Loi anti-homosexualité au Sénégal : Ousmane Sonko promet une application sans faille
Le Premier ministre sénégalais a réaffirmé la fermeté de Dakar face aux pressions extérieures après l’adoption d’un texte controversé.
Une déclaration ferme dans l’hémicycle
Lors d’une séance de questions d’actualité à l’Assemblée nationale sénégalaise, Ousmane Sonko a catégoriquement affirmé que la nouvelle législation contre l’homosexualité serait appliquée à la lettre. Cette prise de position intervient dans un contexte de vives critiques venues notamment de certains pays occidentaux, qui dénoncent un durcissement des peines pour les actes contre nature.
Le chef du gouvernement a rappelé avec insistance le principe de souveraineté nationale : « Le peuple sénégalais est souverain. Dans sa grande majorité, il ne veut pas de ces pratiques sur son sol », a-t-il déclaré sous les applaudissements des députés.
Réponse aux critiques : une « tyrannie » de l’Occident ?
Face aux contestations émanant aussi bien de certaines élites africaines que d’instances internationales, Ousmane Sonko a dénoncé une forme d’ingérence. « Il existe une sorte de tyrannie. Nous sommes huit milliards d’êtres humains, mais un petit noyau occidental, incapable de trancher en interne, cherche à imposer ses valeurs au reste du monde. Au nom de quoi ? », a-t-il interrogé avec véhémence.

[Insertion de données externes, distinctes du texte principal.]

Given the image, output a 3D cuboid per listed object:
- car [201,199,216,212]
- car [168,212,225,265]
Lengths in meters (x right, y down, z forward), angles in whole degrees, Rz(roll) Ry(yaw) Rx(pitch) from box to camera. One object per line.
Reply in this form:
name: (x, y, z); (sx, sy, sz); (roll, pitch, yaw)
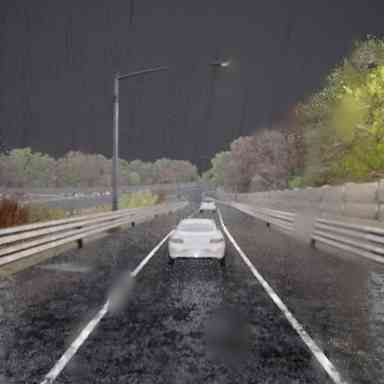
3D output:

Le Premier ministre a balayé toute idée d’un moratoire ou d’une suspension de la loi. « Cette loi sera appliquée », a-t-il martelé, confirmant la volonté de Dakar de ne pas céder aux pressions extérieures.

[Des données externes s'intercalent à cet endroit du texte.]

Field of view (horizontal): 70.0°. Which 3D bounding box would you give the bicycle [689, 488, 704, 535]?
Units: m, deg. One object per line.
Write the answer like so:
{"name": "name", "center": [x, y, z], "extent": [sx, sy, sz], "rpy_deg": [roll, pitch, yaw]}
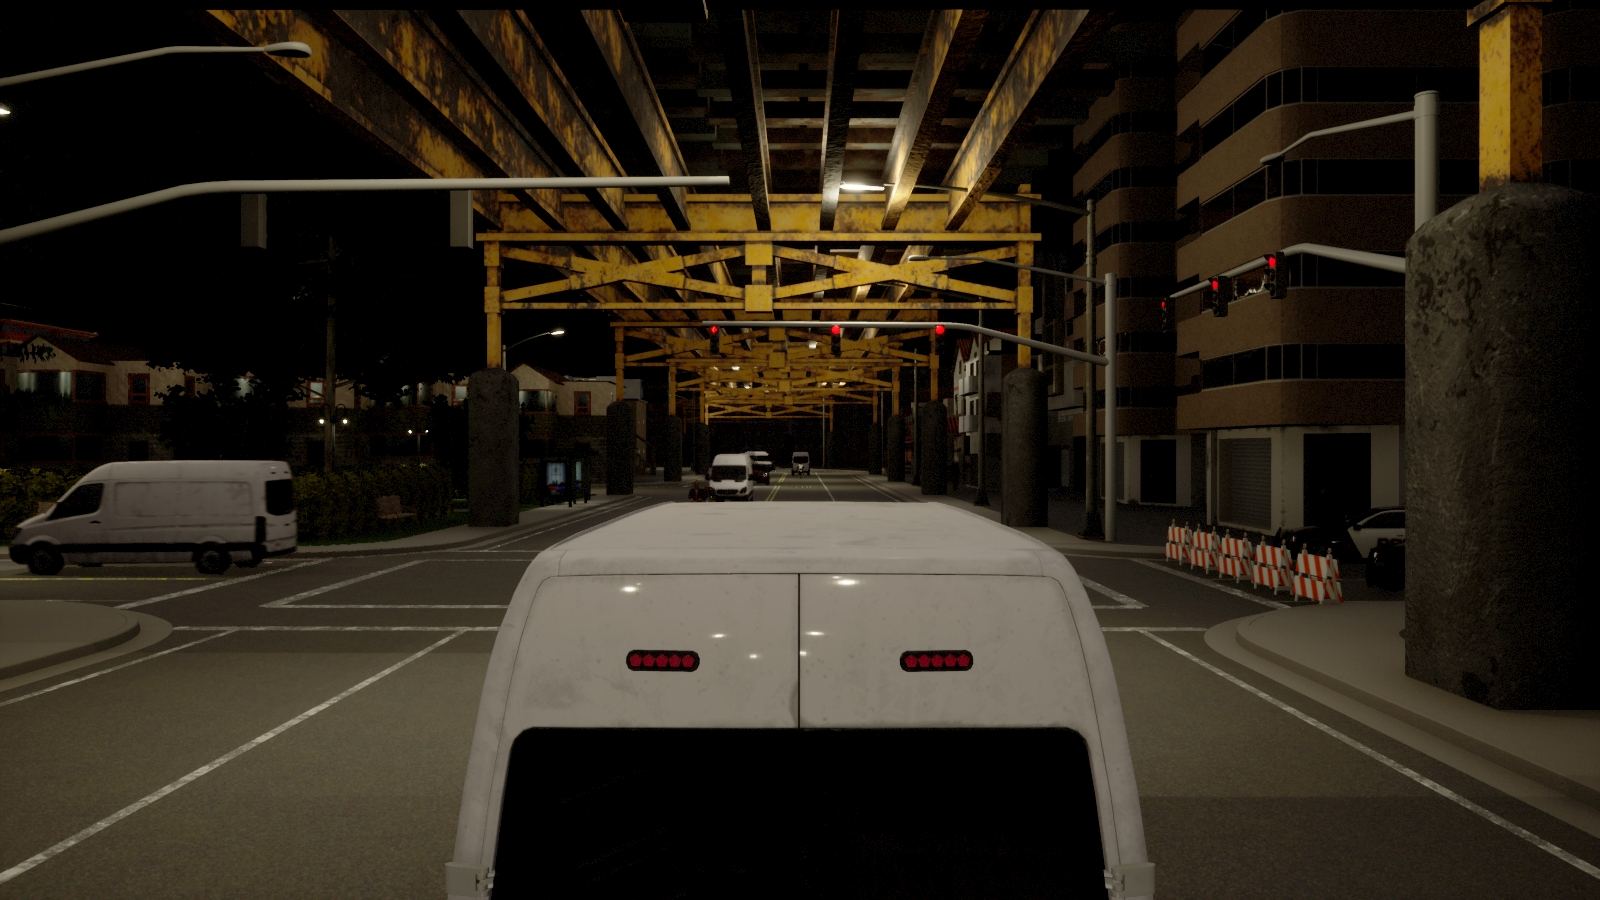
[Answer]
{"name": "bicycle", "center": [-3.464, 2.031, 38.221], "extent": [0.329, 1.496, 1.835], "rpy_deg": [0, 0, 0]}

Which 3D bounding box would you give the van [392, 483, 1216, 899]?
{"name": "van", "center": [0.015, 1.531, 5.717], "extent": [1.988, 2.561, 5.915], "rpy_deg": [0, 0, 0]}

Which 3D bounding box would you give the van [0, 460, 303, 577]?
{"name": "van", "center": [-14.834, 1.523, 26.304], "extent": [5.915, 2.561, 1.988], "rpy_deg": [0, 0, -2]}

Les mesures clés de la loi n°2026-08
Adoptée le 27 mars 2026, cette modification du code pénal sénégalais (article 319) durcit significativement les sanctions. Désormais, constitue un acte contre nature :
- Tout acte sexuel ou à caractère sexuel entre deux personnes de même sexe ;
- Tout acte sexuel impliquant un cadavre humain ou un animal.
Les peines encourues s’échelonnent de 5 à 10 ans d’emprisonnement, assorties d’une amende comprise entre 2 et 10 millions de francs CFA. Ces sanctions s’ajoutent à celles prévues en cas de viol ou de pédophilie.
Cette loi, saluée par une partie de la classe politique sénégalaise, s’inscrit dans une logique de protection des valeurs traditionnelles du pays, selon ses défenseurs.